Limitations of Holt-Winter’s Technique
In spite of giving the best forecasting result the Holt-Winter’s method still has certain shortcomings. One major limitation of this algorithm is the multiplicative feature of the seasonality. The issue of multiplicative seasonality is how the model performs when we have time frames with very low amounts. A time frame with a data point of 10 or 1 might have an actual difference of 9 but there is a relative difference of about 1000%, so the seasonality, which is expressed as a relative term could change drastically and should be taken care of of of when building the model.
Holt winter’s algorithm has wide areas of application. It is used in various business problems mainly because of two reasons one of which is its simple implementation approach and the other one is that the model will evolve as our business requirements change.
Holt Winter’s time series model is a very powerful prediction algorithm despite being one of the simplest models.

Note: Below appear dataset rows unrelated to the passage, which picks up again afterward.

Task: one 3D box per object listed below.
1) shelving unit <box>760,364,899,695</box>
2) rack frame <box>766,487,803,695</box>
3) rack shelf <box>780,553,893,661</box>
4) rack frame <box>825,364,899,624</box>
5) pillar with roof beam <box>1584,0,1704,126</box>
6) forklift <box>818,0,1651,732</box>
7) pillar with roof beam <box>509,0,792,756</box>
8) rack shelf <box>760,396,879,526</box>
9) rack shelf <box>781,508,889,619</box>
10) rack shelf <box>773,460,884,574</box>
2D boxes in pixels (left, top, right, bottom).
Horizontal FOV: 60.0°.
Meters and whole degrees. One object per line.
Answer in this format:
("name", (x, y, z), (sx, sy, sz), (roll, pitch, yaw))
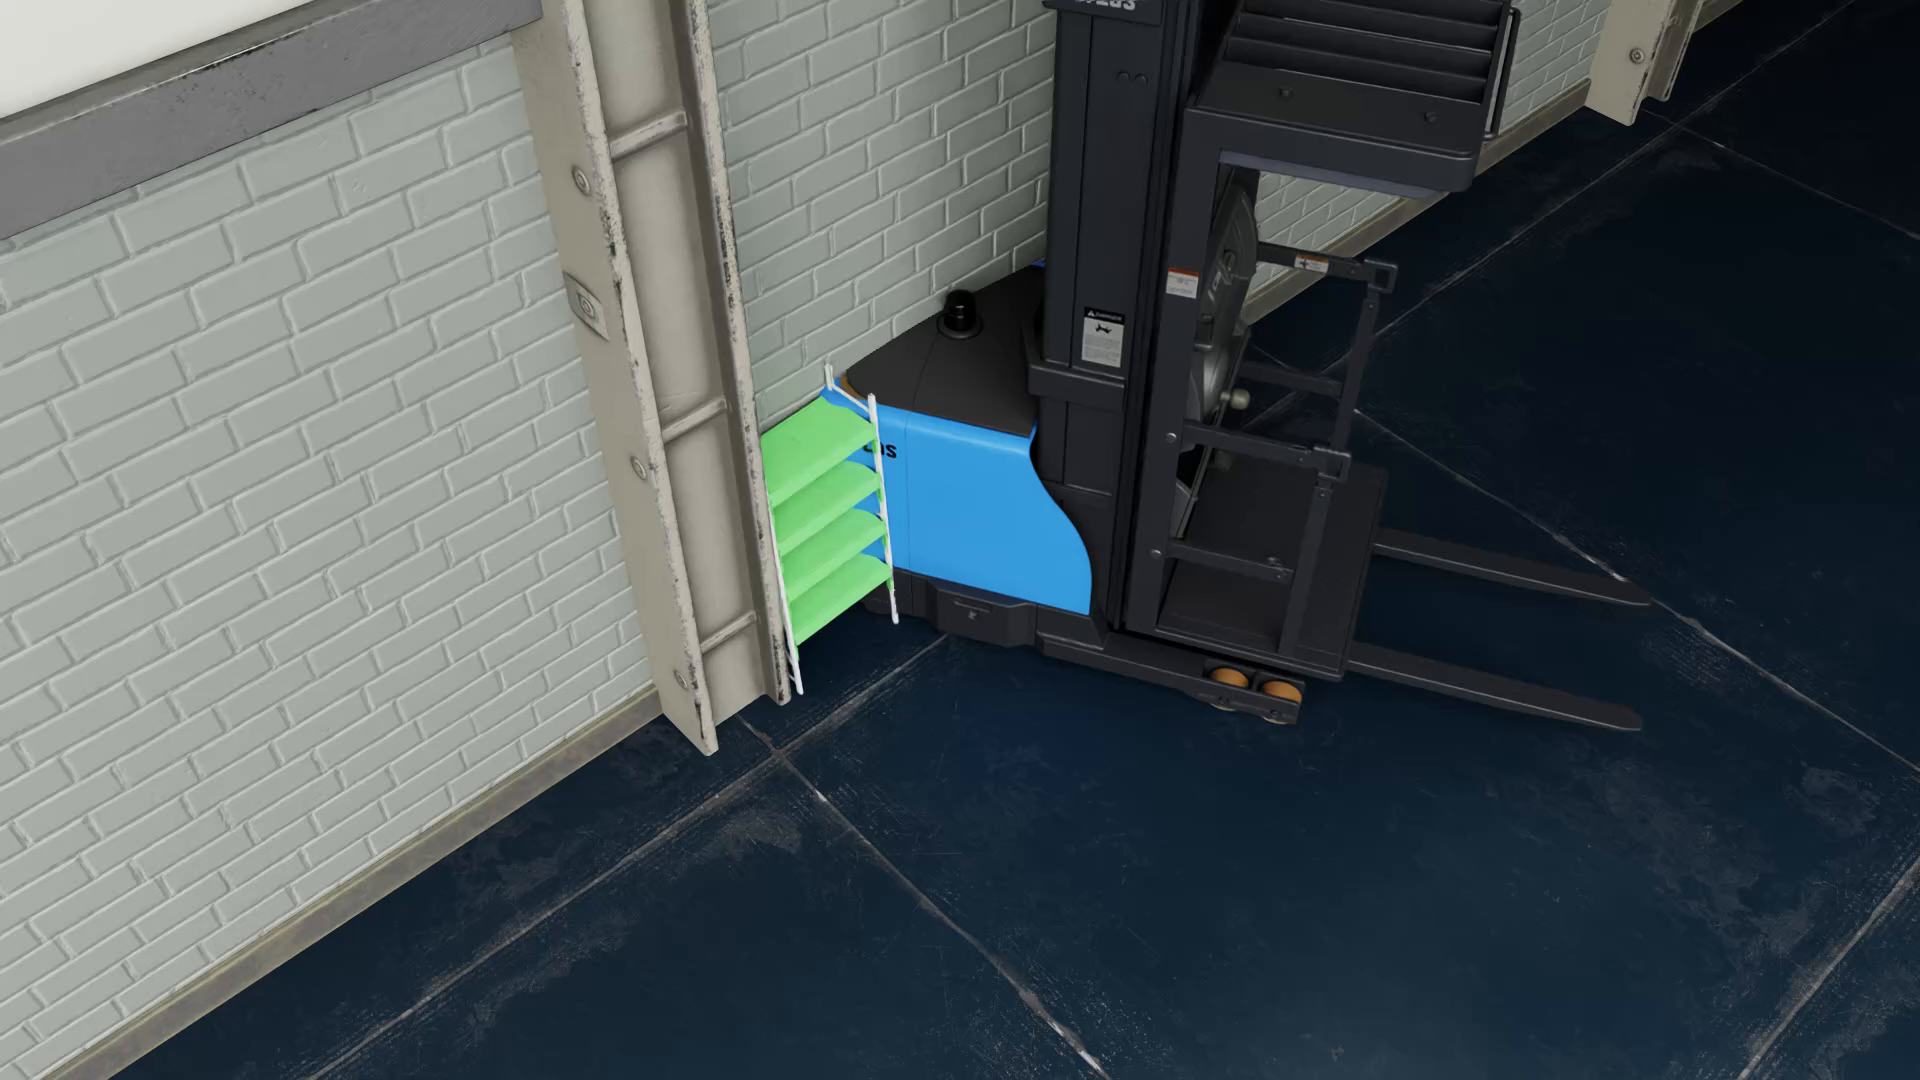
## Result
("shelving unit", (-0.524, -0.004, 5.972), (0.503, 1.200, 0.258), (-37, 55, -27))
("rack frame", (-0.698, 0.127, 5.861), (0.015, 1.200, 0.240), (-37, 55, -27))
("rack shelf", (-0.512, 0.203, 6.195), (0.480, 0.148, 0.258), (-37, 55, -27))
("rack frame", (-0.351, -0.134, 6.084), (0.015, 1.200, 0.240), (-37, 55, -27))
("pillar with roof beam", (6.462, -3.072, 3.462), (0.400, 9.000, 9.100), (-34, 56, -27))
("forklift", (1.060, -0.759, 5.456), (3.031, 2.935, 1.130), (14, 49, 12))
("pillar with roof beam", (2.022, -0.106, 0.725), (0.400, 9.000, 9.100), (-34, 56, -27))
("rack shelf", (-0.541, -0.286, 5.667), (0.480, 0.148, 0.258), (-37, 55, -27))
("rack shelf", (-0.522, 0.040, 6.019), (0.480, 0.148, 0.258), (-37, 55, -27))
("rack shelf", (-0.532, -0.123, 5.843), (0.480, 0.148, 0.258), (-37, 55, -27))

It can handle the seasonality in the data set by just calculating the central value and then adding or multiplying it to the slope and seasonality, We just have to make sure to tune in the right set of parameters, and viola, we have the best fitting model. Always remember to check the efficiency of the model using the MAPE (mean absolute percentage error) value or the RMSE(Root mean squared error) value, and the accuracy may depend on the business problem and the data set available to train and test the model.